Bilim-kurgu uyarlandığı alanlardan bağımsız başlıca bir sanattır. En güzel şekilde de sinemada işlenir, sonra edebiyatta. Zaten alanı biraz dar. Güzel bir bilim-kurgu bütün dünyayı fetheder, kötüsü ise filmi kapattırır, ki çok büyük ayıptır nazarımda. 

Elysium sahiden hayal kırıklığı yarattı. Genel intiba bu yönde, ki kesinlikle katılıyorum. Tepeden tırnağa vasat, ortalama bir film. Blomkamp sağolsun dört yıl önce öyle bir film yaptı ki, hala tadı damağımdadır.

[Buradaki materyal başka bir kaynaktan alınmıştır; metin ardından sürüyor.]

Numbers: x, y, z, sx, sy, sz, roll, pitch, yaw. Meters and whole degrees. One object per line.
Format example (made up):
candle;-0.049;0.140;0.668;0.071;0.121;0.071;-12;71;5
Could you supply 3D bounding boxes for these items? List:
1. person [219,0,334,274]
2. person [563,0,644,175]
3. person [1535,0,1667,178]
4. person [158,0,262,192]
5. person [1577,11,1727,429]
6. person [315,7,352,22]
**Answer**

District 9 gerçek bir başyapıttı. İşte yönetmen ilk filminde birden piramidin tepesinde bulunca kendini ayağı kayabiliyor, takılabiliyor. (Ben bu listeye kesinlikle Martin McDonagh'ı da koyarım) Oksijen çarpması, normaldir. District 9 basitçe bir mülteci filmiydi, ayrıca farklılıkların mükemmel ortaya konduğu bir "öteki" filmiydi aynı zamanda. Metaforları dillere destandı... Şimdi efendim sen böylesi muhteşem bir eser koymuşsun ortaya, hemen ardından aynı distopik temada ilkinin yarısı bile olamayan bir filmi neden çektin? Böyle yaparsan Jodie Foster'ın Altın Küre konuşması bile kurtaramaz seni. 

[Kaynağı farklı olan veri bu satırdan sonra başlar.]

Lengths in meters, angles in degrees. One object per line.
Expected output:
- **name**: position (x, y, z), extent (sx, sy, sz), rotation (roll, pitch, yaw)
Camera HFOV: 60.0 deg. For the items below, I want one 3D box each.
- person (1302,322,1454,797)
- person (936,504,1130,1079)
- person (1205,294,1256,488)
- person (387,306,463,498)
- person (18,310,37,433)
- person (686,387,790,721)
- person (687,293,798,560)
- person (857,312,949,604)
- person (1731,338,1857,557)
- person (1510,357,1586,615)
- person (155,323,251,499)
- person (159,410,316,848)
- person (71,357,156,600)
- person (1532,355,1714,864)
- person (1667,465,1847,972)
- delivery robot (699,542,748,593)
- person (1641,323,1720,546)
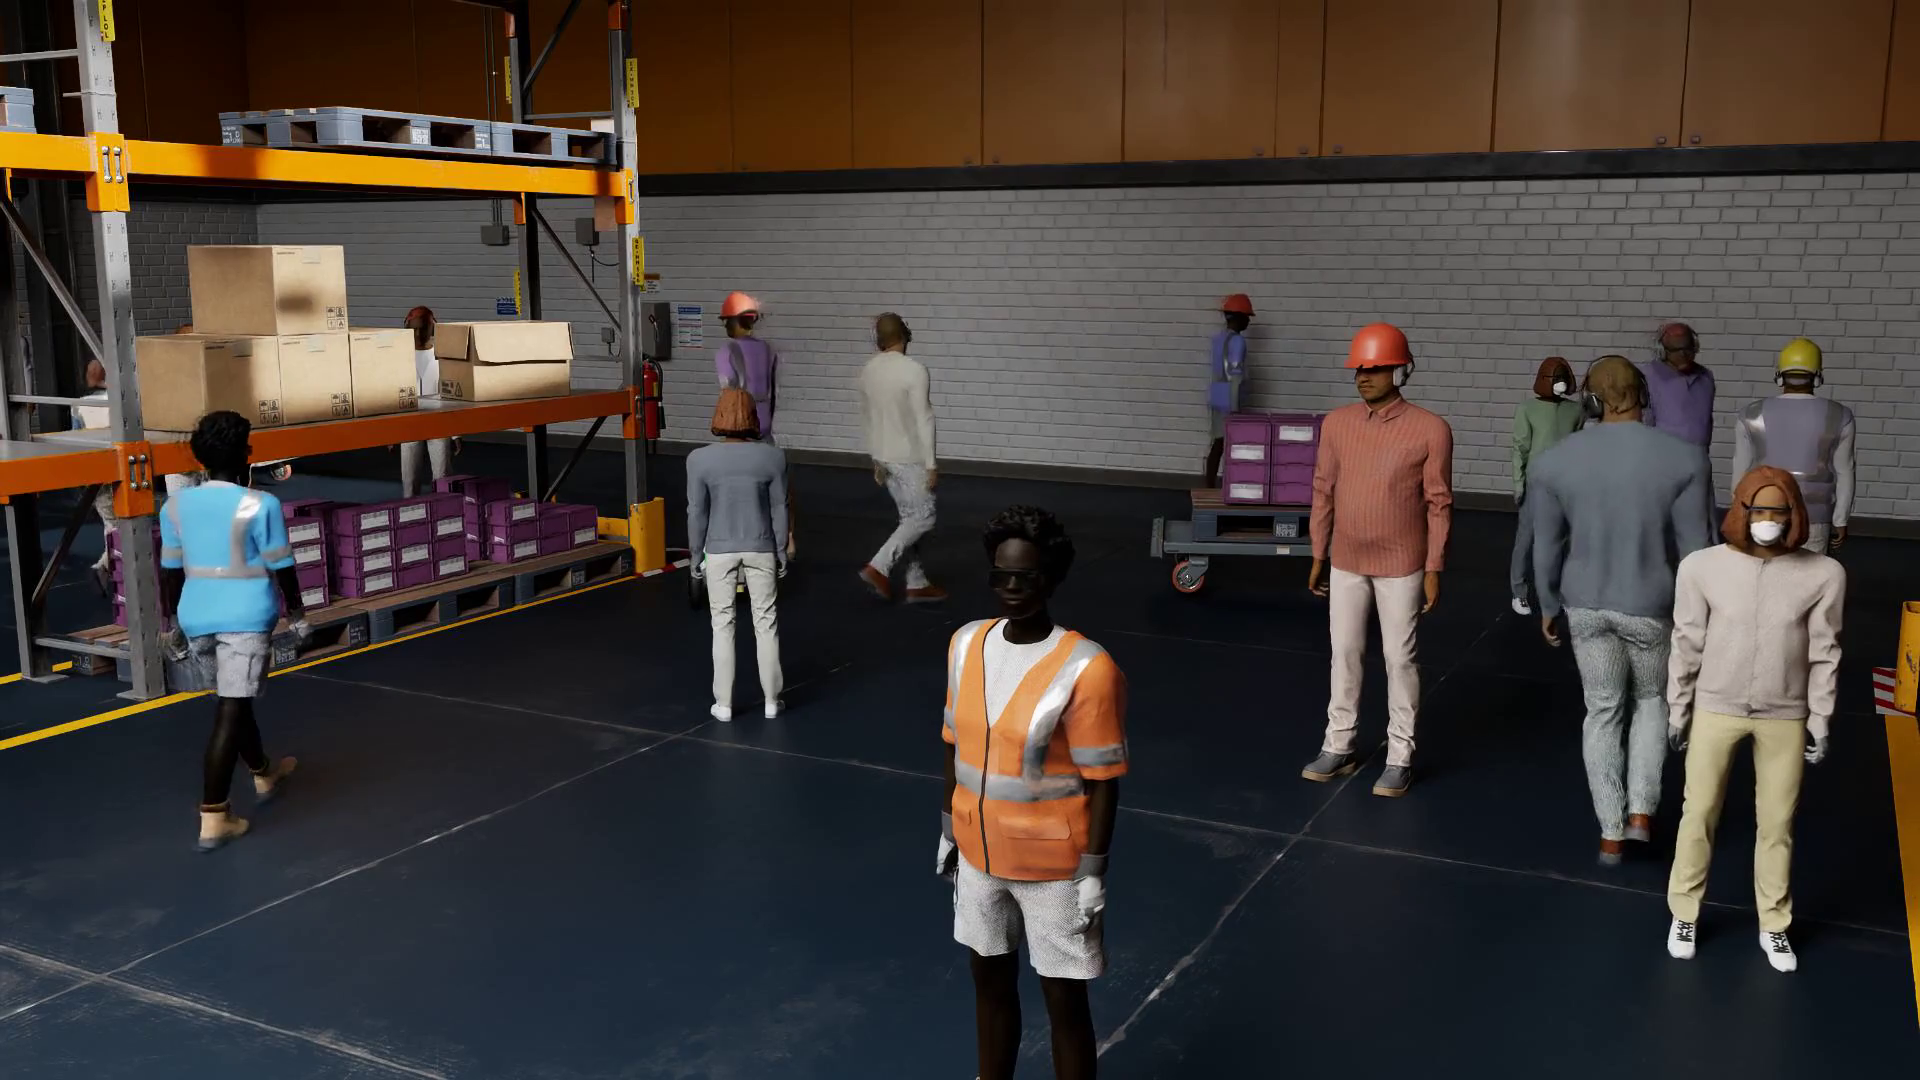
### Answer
- **person**: position (1.748, 0.084, 7.020), extent (0.623, 1.992, 0.396), rotation (8, 13, 40)
- **person**: position (0.151, 0.754, 3.996), extent (0.540, 1.700, 0.315), rotation (9, 13, 41)
- **person**: position (2.524, -1.223, 14.817), extent (0.783, 1.910, 0.572), rotation (-2, 10, -14)
- **person**: position (-4.020, -0.807, 12.499), extent (0.575, 1.885, 0.355), rotation (-2, 10, -11)
- **person**: position (-9.247, -1.419, 16.206), extent (0.592, 1.829, 0.404), rotation (3, 10, 18)
- **person**: position (-1.076, 0.074, 8.120), extent (0.501, 1.633, 0.285), rotation (-1, 10, -9)
- **person**: position (-1.612, -0.843, 12.429), extent (1.049, 1.984, 0.638), rotation (8, 12, 37)
- **person**: position (-0.375, -0.504, 10.701), extent (0.628, 1.901, 0.654), rotation (-7, 12, -35)
- **person**: position (4.422, -0.152, 8.851), extent (0.590, 1.836, 0.404), rotation (6, 11, 30)
- **person**: position (3.719, -0.341, 10.530), extent (0.500, 1.632, 0.284), rotation (-3, 10, -15)
- **person**: position (-4.889, -0.474, 10.729), extent (0.625, 1.836, 0.428), rotation (-1, 10, -5)
- **person**: position (-2.830, 0.317, 6.600), extent (0.535, 1.657, 0.845), rotation (3, 10, 17)
- **person**: position (-5.567, -0.394, 10.866), extent (0.511, 1.616, 0.588), rotation (2, 10, 9)
- **person**: position (2.480, 0.267, 6.235), extent (0.693, 1.898, 0.436), rotation (6, 11, 30)
- **person**: position (2.517, 0.567, 5.303), extent (0.495, 1.626, 0.285), rotation (3, 10, 19)
- **delivery robot**: position (-1.545, 0.082, 10.928), extent (0.477, 0.478, 0.707), rotation (-2, 10, -11)
- **person**: position (4.536, -0.428, 10.429), extent (0.684, 1.843, 0.970), rotation (-3, 10, -17)

Film güzel açılıyor. Olması gereken distopik evren, şimdiye vurgu yaparak beliriyor. Bir dünya var, bir de herkesin gitmek istediği yer olan harikalar diyarı Elysium var. Buradan bakınca genişletilmiş bir dünya olgusu var sanki. Bir tarafta yiyip bitiren emperyaller, diğer tarafta oyuncak boyarken ölen Çinli çocuklar... Zaten Elysium'da zenginlerin yaşadığı çok sık vurgulanıyor. Mültecilerin hayat mücadelesi filmin ana hattı. Pahalı kadronun başındaki isim Matt Damon anti-karakter olarak kahramanımız. Biz, izleyici olarak onlardan yanayız. Tepemizde gezen ve içi istediğini yapan ajanlarla dolu olan mekikler var. Bu arada Copley rolünü çok iyi kotarmış. Aksanına ayrıca bayıldım. Kendisi kötü adam olur. Darbeci asker. Filmin ana hattını mülteciler oluşturuyor ama "bilgi her şeydir" teması bir süre sonra, çok yüzeysel de olsa, ağırlığını koyuyor. Zaten filmin en büyük sıkıntısı da burada, her şey çok yüzelsel. Tabii bunun sayesinde filmde hiç anlaşıladık kısım yok. Her şey ortada, temiz ama tabi ki tahmin edilebilir. Bir türlü konunun özüne inemiyor. Temeli çok sakat kaldığından film bazı noktalarda topallıyor, tıkanıyor. İşte burada aksiyon imdada koşuyor ve yeni sahneye geçebiliyoruz.

Klasik Hollywood aksiyonu sona doğru bizi bekliyor tabi, hiç kaçar mı! İyi ve kötü adamın kavgası. Bir nevi iktidar kavgası. Bakıldığında iki taraf da mevcut yönetimce ezilmiş ve yok sayılmış insanlar. Toplumun farklı kesiminde yetişmişler sadece. Temelde aynı sosyo-ekonomik kültürden gelmiş iki tip. Biri sevilmiş, biri sevilmemiş, belki. Aradaki fark bu kadar küçük yani. Ama biri ölmek zorunda, ölüyor da. Büyük finale geliyoruz ve işte benim favorim anım; fedakarlık! Kendimizi bir uğurda feda edersek dünyanın en büyük kahramanıyız! Sevdiğin kişi için, ailen için, insanlar için, dünya için, ülken için, milletin için, para için, bira için, rakı için... Ne olduğu önemli değil, sen kendini feda et yeter. Başka hayatlar için kendi canını ver, benimki can değil çünkü! Ben canımı verince son öldürülen olacağım sanki, ölümler duracak! Dünya çok daha iyi bir yer olacak, çiçekler silahlardan fazla olacak, tedaviler hastalıklardan daha hızlı ilerleyecek, çocuklar mutlu olacak... Dayatılan ve anlatılan bu, istenilen de bu. Dünya hep birilerinin, bir uğurda can verdiği ama onu hiç umursamayan insanlarla ve onların refahı ile sefaleti üzerine kurulu zaten. Üstü kalsın! 

Tabi bu anlatıklarımın hepsi finalde oluyor. Distopyamız, ütopyaya dönüşüyor. Halbuki Blomkamp bize ilk filminde böyle bir şeyin olmadığını anlatmıştı. Hayal kurmak yasak değil elbet ama sinemada ben eli taşın altında görmek isterim. Sadece perdeye yansıtmak yetmiyor.